Temperature dependence of metabolic rate in tropical and temperate aquatic insects: Support for the Climate Variability Hypothesis in mayflies but not stoneflies

A fundamental gap in climate change vulnerability research is an understanding of the relative thermal sensitivity of ectotherms. Aquatic insects are vital to stream ecosystem function and biodiversity but insufficiently studied with respect to their thermal physiology. With global temperatures rising at an unprecedented rate, it is imperative that we know how aquatic insects respond to increasing temperature and whether these responses vary among taxa, latitudes, and elevations.

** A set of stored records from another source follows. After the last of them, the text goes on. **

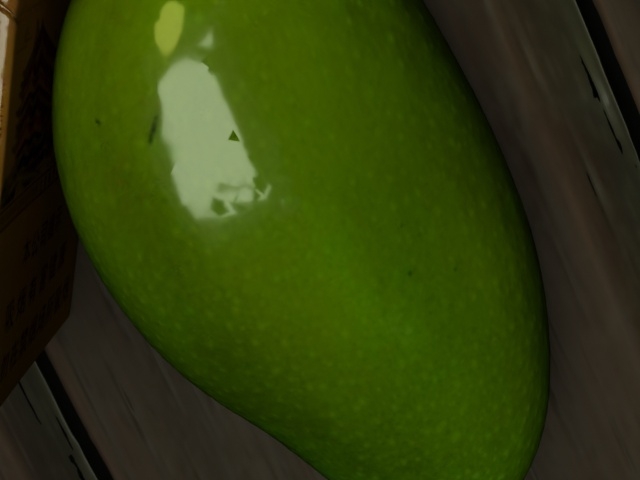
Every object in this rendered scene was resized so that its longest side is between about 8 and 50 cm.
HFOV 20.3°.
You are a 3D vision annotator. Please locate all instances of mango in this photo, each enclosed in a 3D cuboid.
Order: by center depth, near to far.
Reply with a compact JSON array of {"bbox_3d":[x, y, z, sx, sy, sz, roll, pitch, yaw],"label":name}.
[{"bbox_3d":[0.000,0.000,0.828,0.192,0.156,0.343,-34,108,-13],"label":"mango"}]

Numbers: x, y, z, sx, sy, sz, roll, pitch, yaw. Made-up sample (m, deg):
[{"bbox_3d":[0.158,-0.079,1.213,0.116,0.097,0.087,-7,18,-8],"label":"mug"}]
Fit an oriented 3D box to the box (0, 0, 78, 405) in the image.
[{"bbox_3d":[-0.156,-0.068,0.822,0.076,0.174,0.274,10,107,2],"label":"box"}]

We evaluated the thermal sensitivity of standard metabolic rate in stream‐dwelling baetid mayflies and perlid stoneflies across a ~2,000 m elevation gradient in the temperate Rocky Mountains in Colorado, USA, and the tropical Andes in Napo, Ecuador. We used temperature‐controlled water baths and microrespirometry to estimate changes in oxygen consumption. Tropical mayflies generally exhibited greater thermal sensitivity in metabolism compared to temperate mayflies; tropical mayfly metabolic rates increased more rapidly with temperature and the insects more frequently exhibited behavioral signs of thermal stress. By contrast, temperate and tropical stoneflies did not clearly differ. Varied responses to temperature among baetid mayflies and perlid stoneflies may reflect differences in evolutionary history or ecological roles as herbivores and predators, respectively. Our results show that there is physiological variation across elevations and species and that low‐elevation tropical mayflies may be especially imperiled by climate warming. Given such variation among species, broad generalizations about the vulnerability of tropical ectotherms should be made more cautiously. Schematic of expectations for change in standard metabolic rate (SMR; O2 consumption) and performance in response to temperature in an aquatic ectotherm. The thermal performance curve (TPC; green line) is a functional performance trait where higher performance is better. TOPT, where performance is highest, reflects the animal's preferred temperature. The oxygen consumption curve (dashed line) is a special case of TPC. T‐MRPEAK represents the temperature at which SMR is so high that it equals maximum metabolic rate. Predictions for variation in metabolic rate, based on the Climate Variability Hypothesis, are shown on the right. Our predictions were met in mayflies, but not stoneflies.